В нескольких словах
Мысленный эксперимент переносит Перикла, афинского государственного деятеля, в современность, чтобы оценить нашу демократию. Статья исследует, почему прямая демократия Древней Греции, с её остракизмом и народным суверенитетом, кардинально отличается от современной представительной системы. Анализируется различие между коллективной 'свободой древних' и индивидуалистической 'свободой современных', ставя под вопрос наши представления о власти народа.
Представьте на мгновение, что Перикл, знаменитый афинский государственный деятель, родившийся около 495 года до н. э., перенесся в современный мир. Что бы он подумал о нашей демократии? "Он был бы сбит с толку, неспособен понять нашу систему", — считает Джозайя Обер, историк из Стэнфорда. "Для него режим с такой степенью централизации не мог бы называться демократическим, потому что народ в нем не осуществляет свой суверенитет напрямую".
Чтобы лучше понять его точку зрения, представим, как он входит в современный парламент, убежденный, что увидит там обновленную версию Экклесии — сердца прямой афинской демократии. Каково же было бы его удивление, когда он обнаружил бы, что всего несколько сотен депутатов представляют весь народ. Его разочарование только бы усилилось, когда, наблюдая за дебатами, он увидел бы, что голосование этих депутатов определяется скорее партийной логикой, чем качеством аргументов. Ведь для гражданина Афин демократия была неотделима от ораторского искусства и коллективного обсуждения.
Очень скоро Перикл с ужасом открыл бы для себя "гиперпрезидентство" в его современном виде. Он бы с изумлением констатировал, что политическая жизнь вращается вокруг одних выборов, проходящих раз в несколько лет — момента интенсивной поляризации, в центре которой стоит противостояние горстки личностей, претендующих на роль "провиденциального человека".
В афинской демократии остракизм — временное изгнание гражданина из города по результатам народного голосования — считался спасительным предохранителем от тирании. Хотя сегодня такая мера кажется немыслимой, для афинянина это было обычным делом.
Тот факт, что один из отцов-основателей демократии не признал бы ее в современном обличье, заставляет задуматься. Тем более что афинский V век до н. э. остается в коллективном воображении моделью чистой демократии: власть народа, осуществляемая народом и для народа. Перед лицом такого "идеала" трудно не воспринимать нашу либеральную демократию как регресс.

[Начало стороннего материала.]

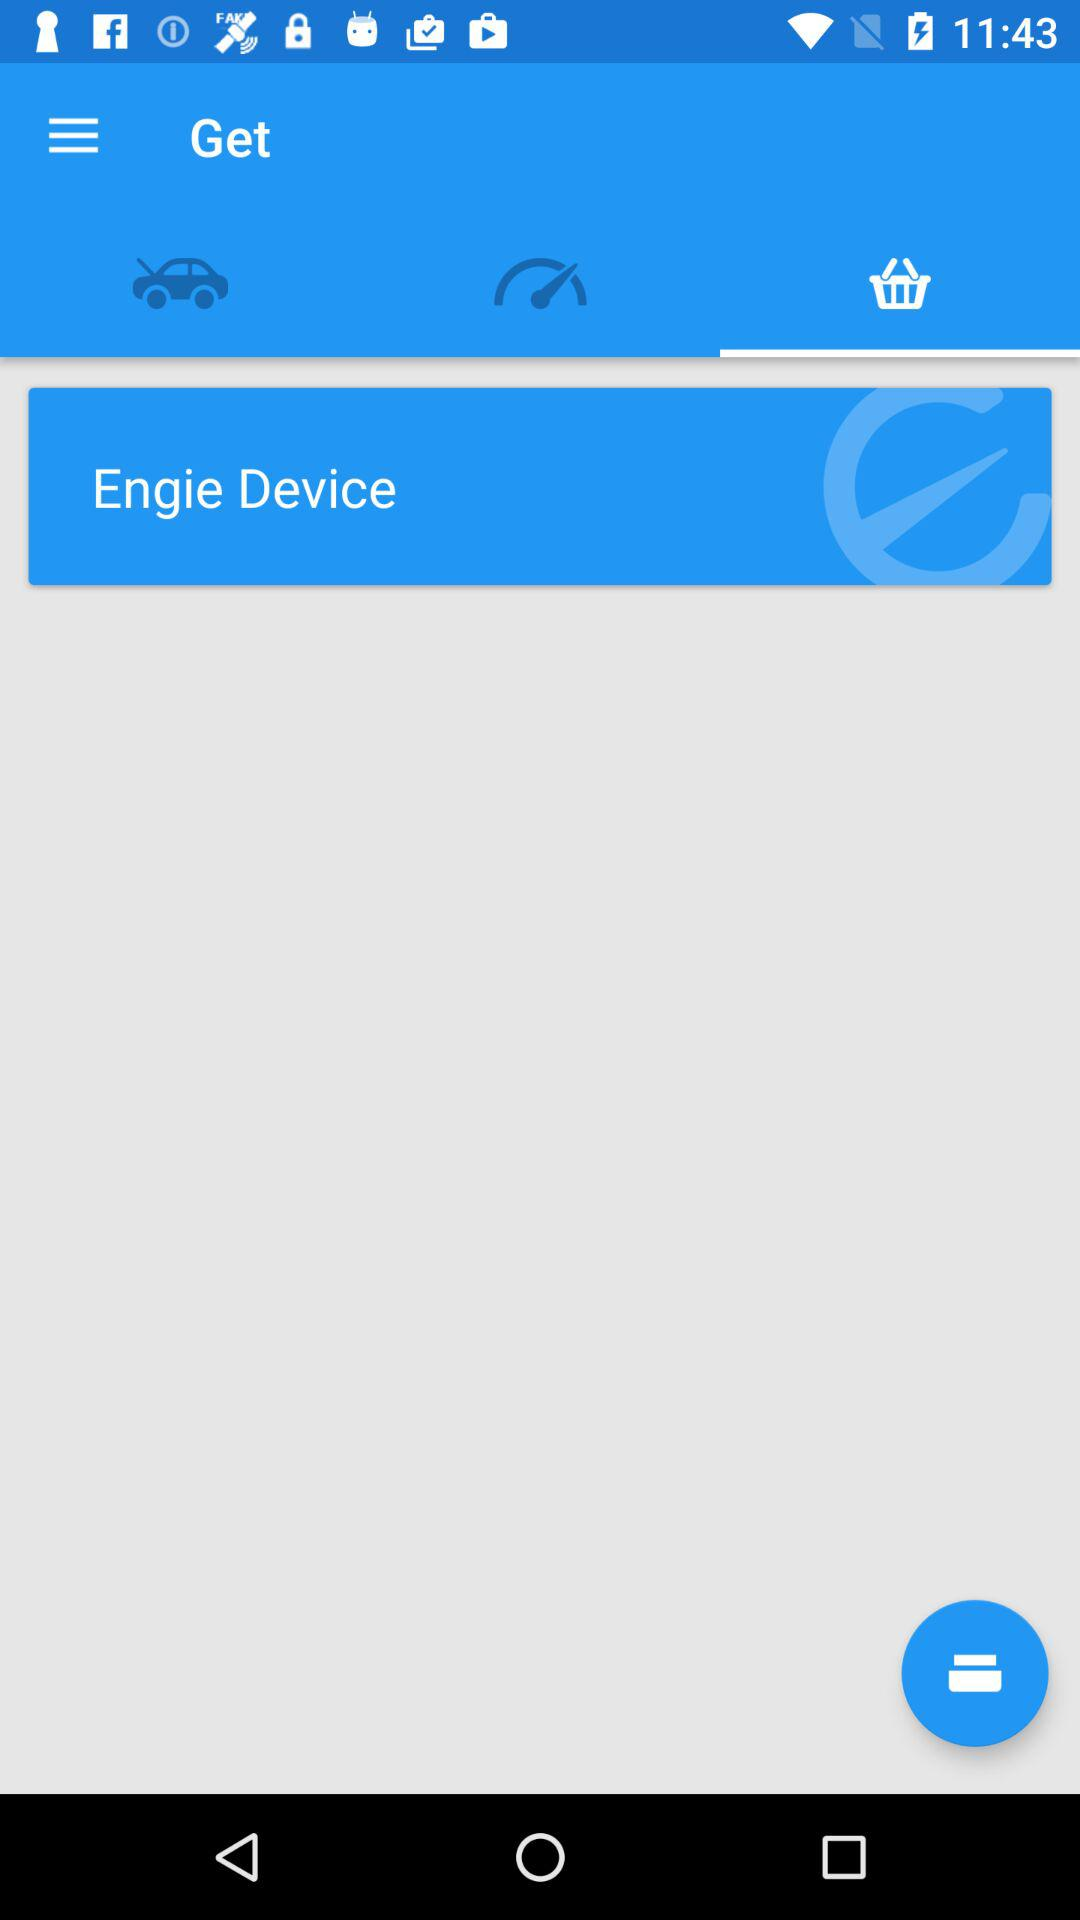Which option has been selected? The selected option is "Basket". 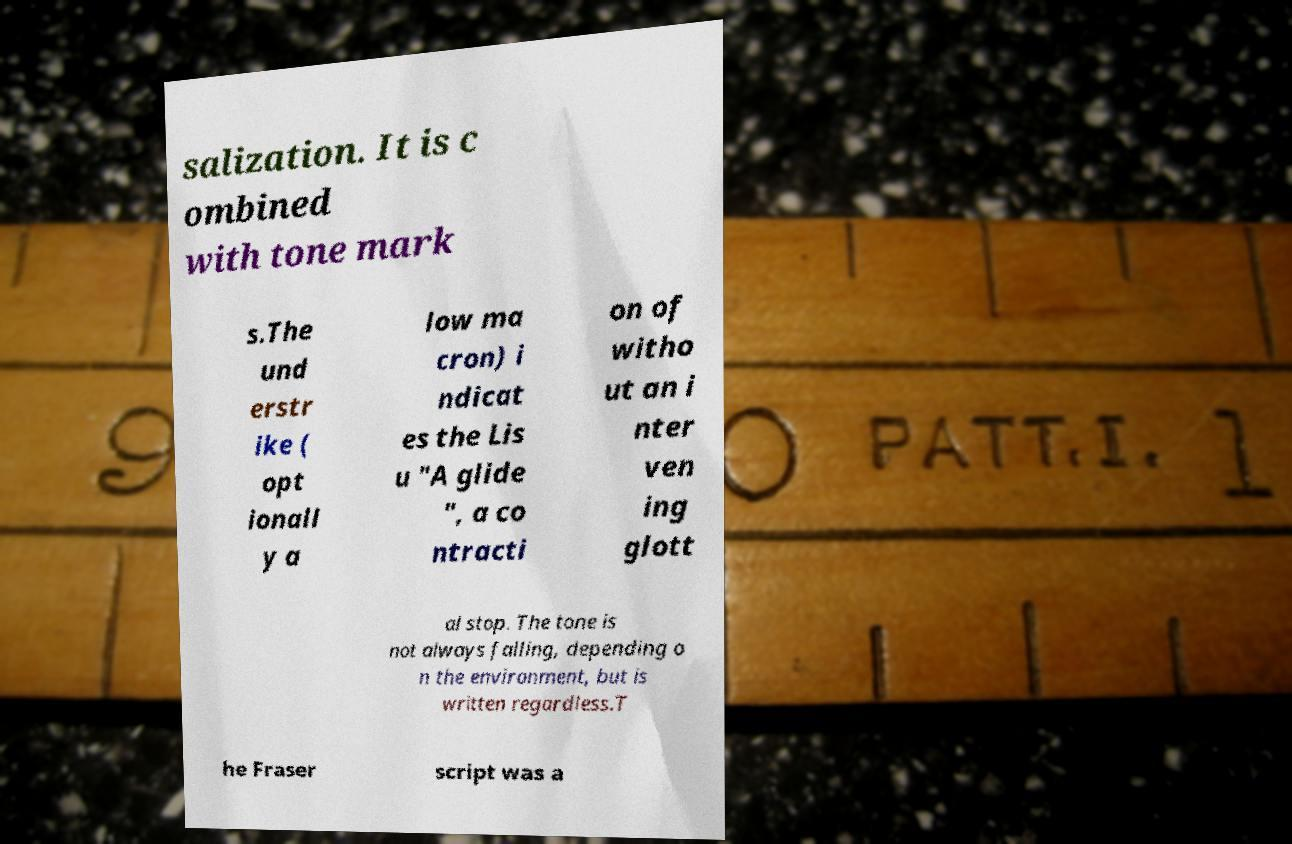Can you read and provide the text displayed in the image?This photo seems to have some interesting text. Can you extract and type it out for me? salization. It is c ombined with tone mark s.The und erstr ike ( opt ionall y a low ma cron) i ndicat es the Lis u "A glide ", a co ntracti on of witho ut an i nter ven ing glott al stop. The tone is not always falling, depending o n the environment, but is written regardless.T he Fraser script was a 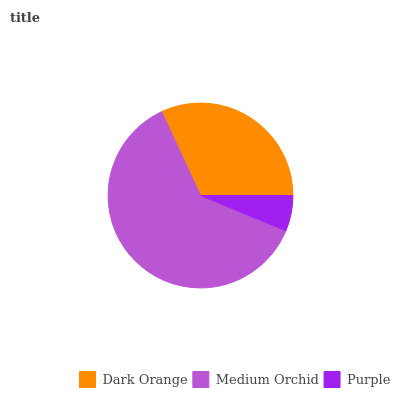Is Purple the minimum?
Answer yes or no. Yes. Is Medium Orchid the maximum?
Answer yes or no. Yes. Is Medium Orchid the minimum?
Answer yes or no. No. Is Purple the maximum?
Answer yes or no. No. Is Medium Orchid greater than Purple?
Answer yes or no. Yes. Is Purple less than Medium Orchid?
Answer yes or no. Yes. Is Purple greater than Medium Orchid?
Answer yes or no. No. Is Medium Orchid less than Purple?
Answer yes or no. No. Is Dark Orange the high median?
Answer yes or no. Yes. Is Dark Orange the low median?
Answer yes or no. Yes. Is Purple the high median?
Answer yes or no. No. Is Purple the low median?
Answer yes or no. No. 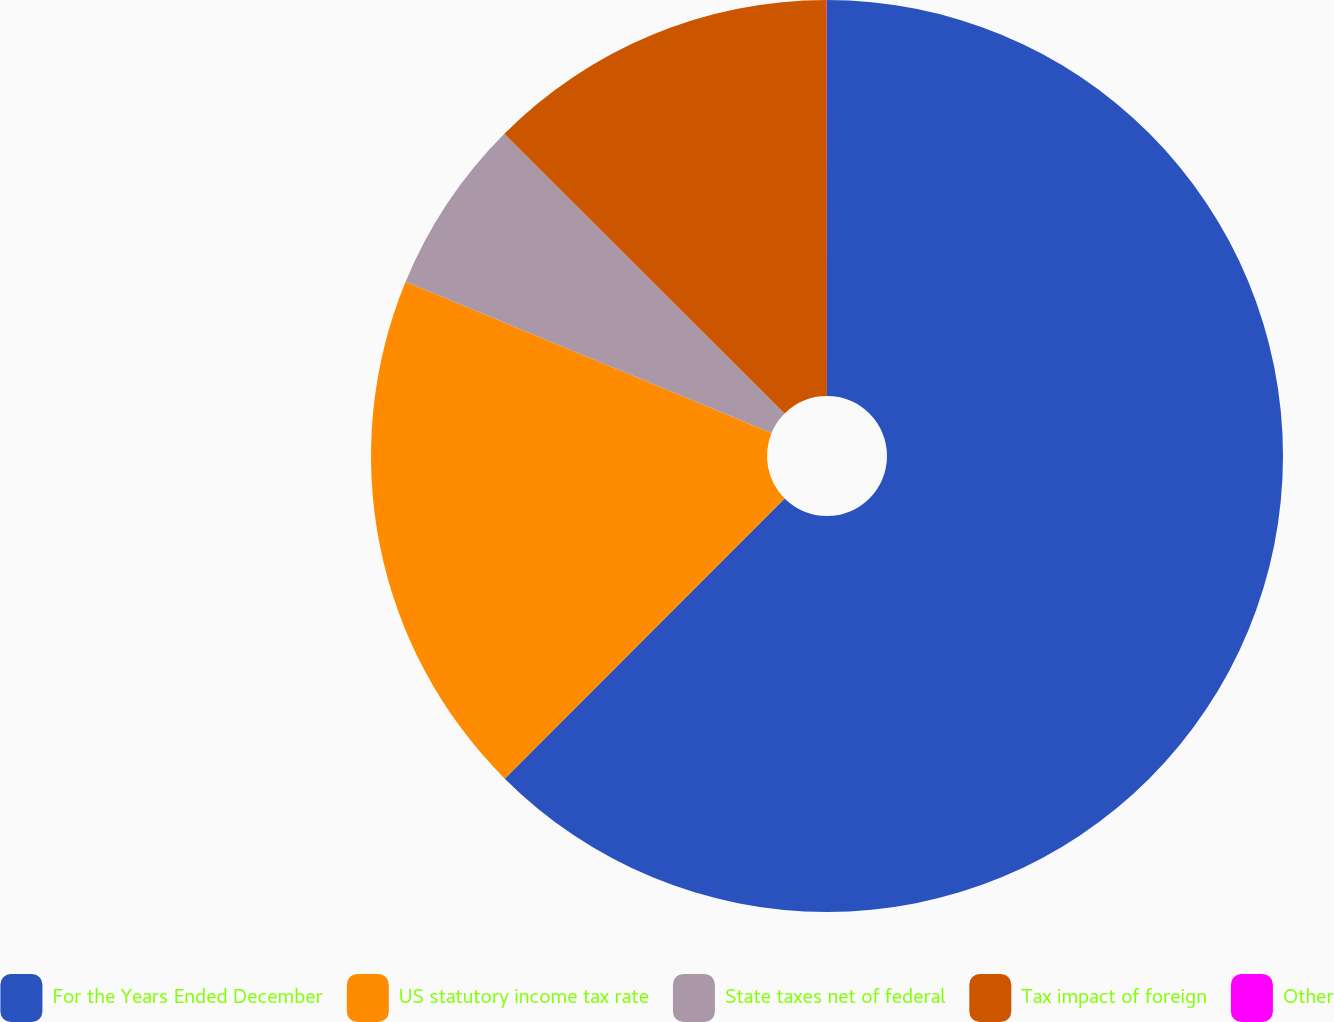<chart> <loc_0><loc_0><loc_500><loc_500><pie_chart><fcel>For the Years Ended December<fcel>US statutory income tax rate<fcel>State taxes net of federal<fcel>Tax impact of foreign<fcel>Other<nl><fcel>62.49%<fcel>18.75%<fcel>6.25%<fcel>12.5%<fcel>0.01%<nl></chart> 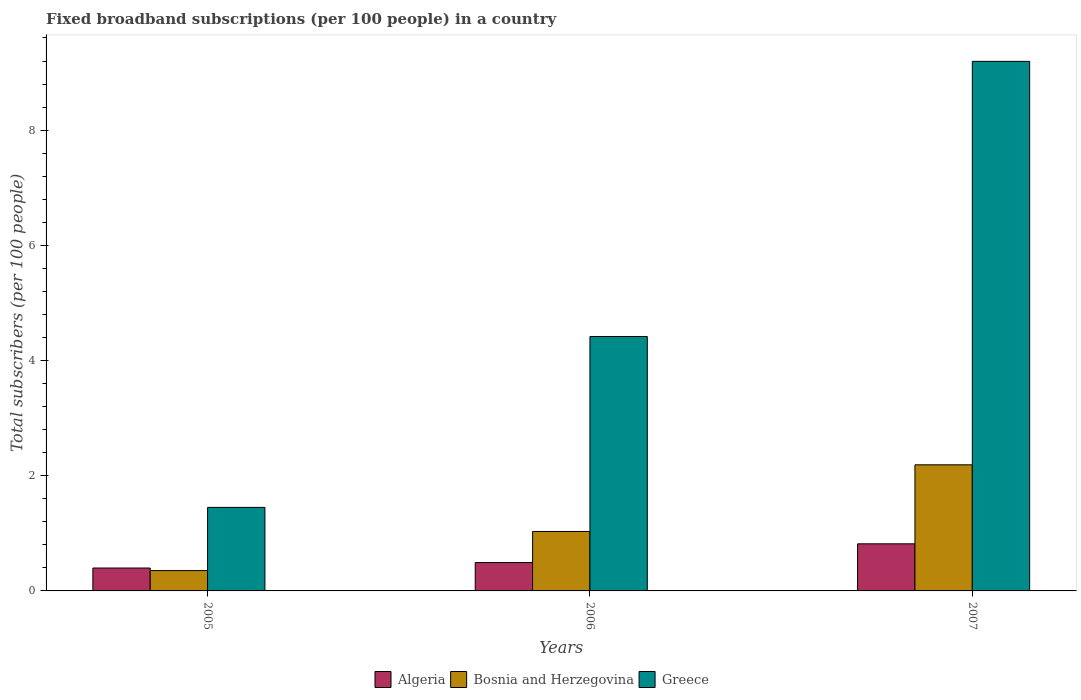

Однако урок этого мысленного эксперимента заключается в другом. Он с большой силой иллюстрирует слишком часто забываемую истину: концепцию демократии Перикла и модель либеральной демократии, возникшую в конце XVIII века, разделяет целая пропасть. В то время как афинская демократия основывалась на идеале народного суверенитета и рассматривала индивида как винтик на службе коллектива, либеральная демократия была построена на ограничении власти законом во имя определенной концепции личности.
Именно это объяснял еще в 1819 году Бенжамен Констан в своей знаменитой речи "О свободе древних в сравнении со свободой современных". Для писателя швейцарского происхождения "свобода современных" заключается в том, чтобы "подчиняться только законам, не подвергаться аресту, задержанию, казни или жестокому обращению каким-либо образом по произволу одного или нескольких индивидов". По его мнению, это не имеет ничего общего со "свободой древних", понимаемой как способность "коллективно, но непосредственно осуществлять многие части полного суверенитета", но при этом допускающей "совместимость этой коллективной свободы с полным подчинением индивида власти целого".
Именно это различие в концепциях объясняет, почему даже самые ярые противники влиятельных политиков в новейшей истории никогда бы не помыслили изгнать их из страны. В то время как Перикл, чей собственный отец был подвергнут остракизму, счел бы это совершенно легитимным демократическим жестом.